Lebowitz herself has enjoyed a life that most writers envy a great deal. She moved to New York in 1969 and soon began writing for magazines, among them, Andy Warhol’s Interview. Her first book, a collection of humor pieces entitled Metropolitan Life, was released in 1978 to critical acclaim and blockbuster-level sales. Social Studies, the follow-up, came around in 1981, and with the exception of a children’s book in 1995 and the odd magazine piece here and there, it would prove to be her final published work. In the years since, she’s made her living on the college lecture circuit, dropping bon mots about contemporary life, taking questions from a moderator or audience members about books, politics, culture: the kinds of topics that animate most good conversations. Through it all—and this is the part that especially makes writers’ mouths water—she’s managed to hover consistently at the edges of the public consciousness without having to publish a single word.
This is no small feat. Most public intellectuals have to at least churn a book out from time to time to remind us why we ought to keep them around, but with Fran, we seem content simply to spend time in her company, which is partly what Pretend It’s a City allows us to do. The trouble is, that’s the most it seems interested in doing. Scorsese seems to have forgotten what made Lebowitz such an excellent documentary subject, and his ideas about her ideas seem only to have softened in the decade since Public Speaking. That documentary began with an anecdote about an art auction in which Fran concluded there is “no more suitable or potent image for our time than that of the blind art collector.” Pretend It’s a City begins with an audience question that tees Fran up for a rant about tourists walking too slowly on the sidewalk. Nowhere is the difference in the level of ambition between the two projects clearer.

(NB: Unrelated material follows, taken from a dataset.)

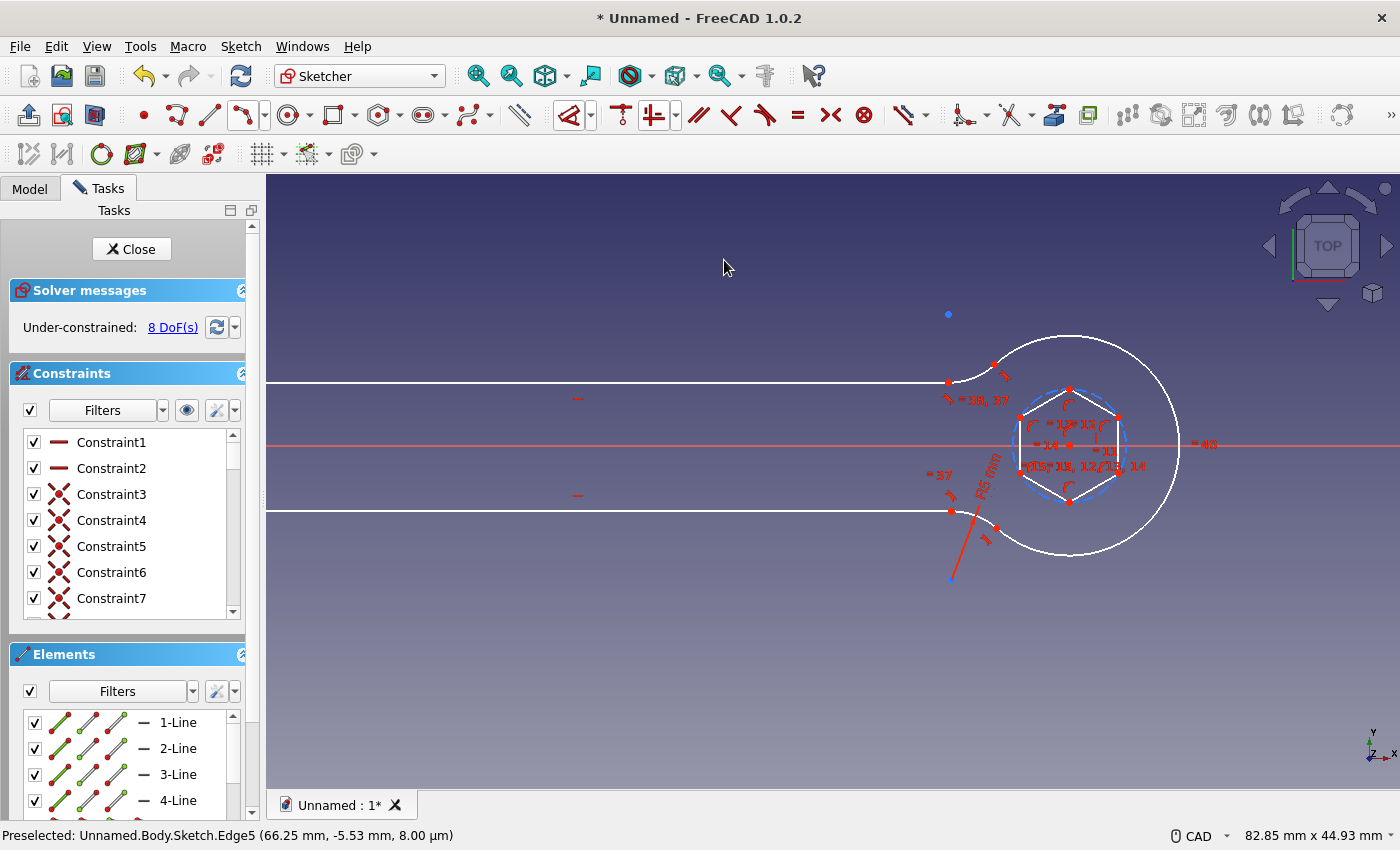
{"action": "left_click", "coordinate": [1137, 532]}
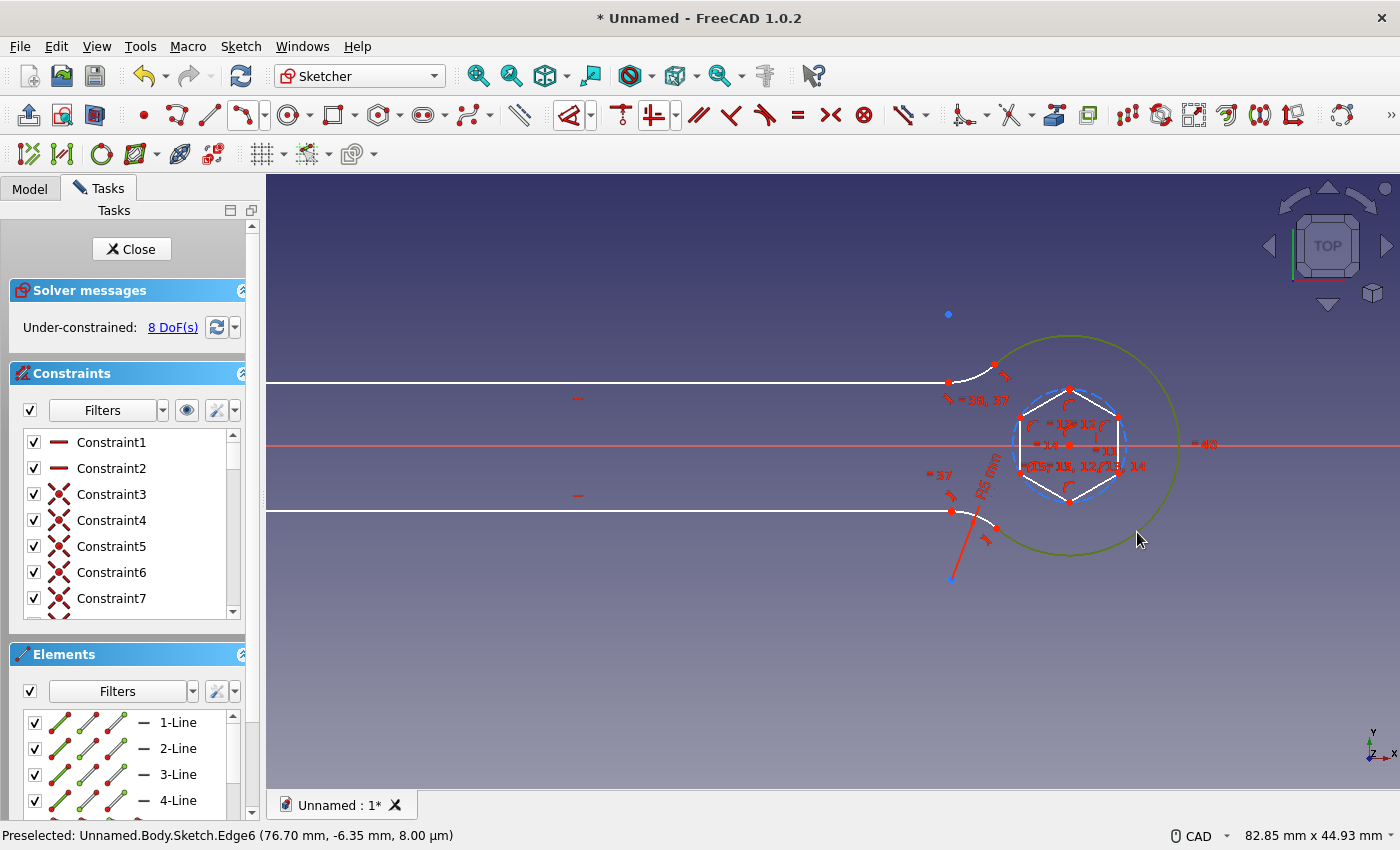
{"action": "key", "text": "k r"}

In other words, where Public Speaking was a vessel for Fran’s ideas, Pretend It’s a City is a vessel for her sense of humor only. The former was about how fully she committed to her generation’s concept of what it means to be “a New Yorker,” the seeming impossibility that someone so committed would live to tell the tale, and the struggle to keep that spirit alive as the city increasingly prizes money and real estate above all other human values. The latter, meanwhile, has little on its mind beyond, “Aren’t Fran’s jokes about the subway great?”

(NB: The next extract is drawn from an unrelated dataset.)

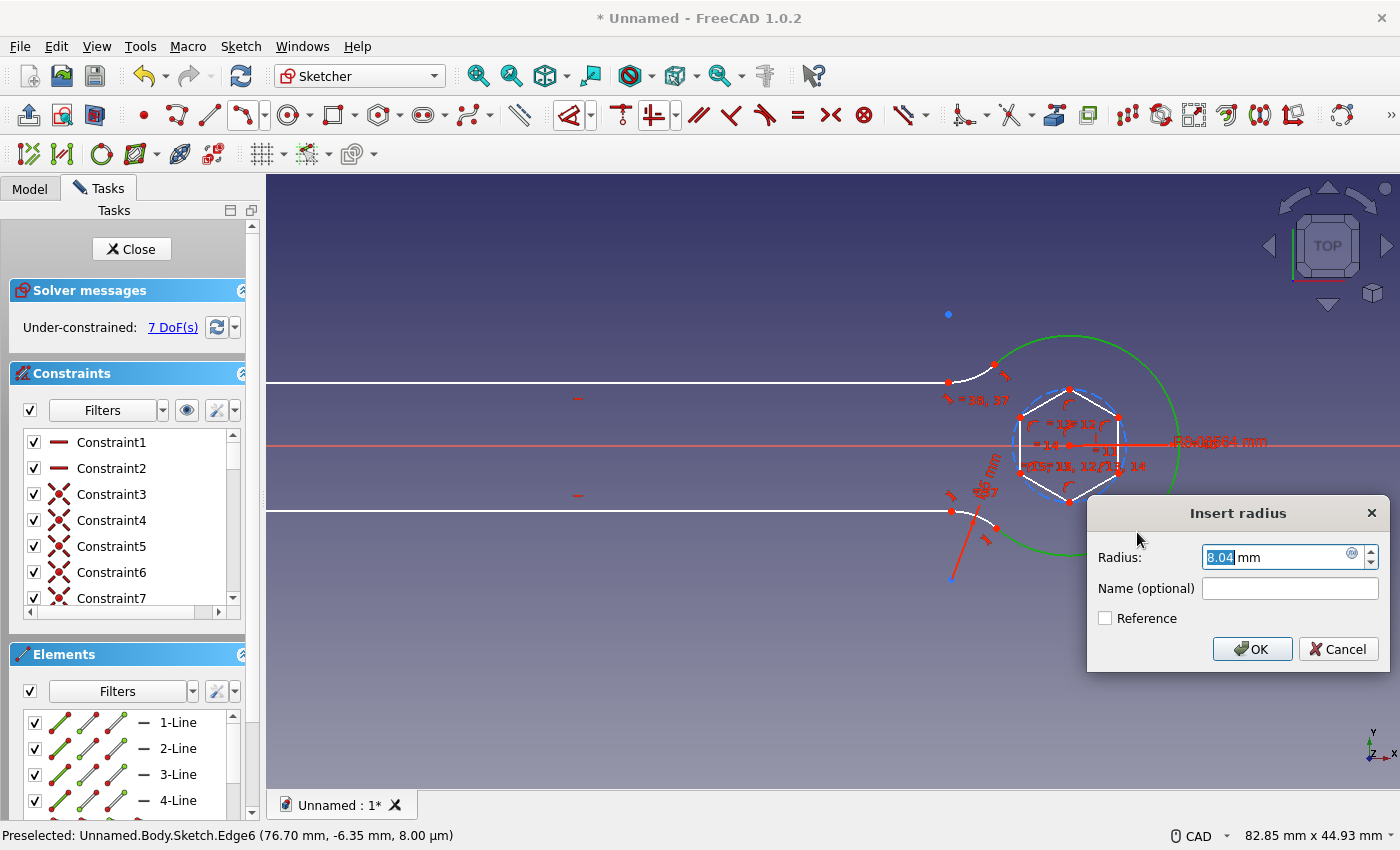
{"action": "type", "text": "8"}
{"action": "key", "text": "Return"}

Whatever your personal answer to that question may be, it was never Fran’s ability to land a punchline that made her so intriguing to me. In Public Speaking, yes, she was funny, but she was funny for a writer. She was funny in the midst of talking about the impact of the AIDS Crisis. She was funny despite taking on a subject as humdrum as the arc of F. Scott Fitzgerald’s literary career. She was funny while at the same time discussing the ways policy decisions have affected cultural life in New York.
In Pretend It’s a City, she’s just funny. And even that depends on who you ask.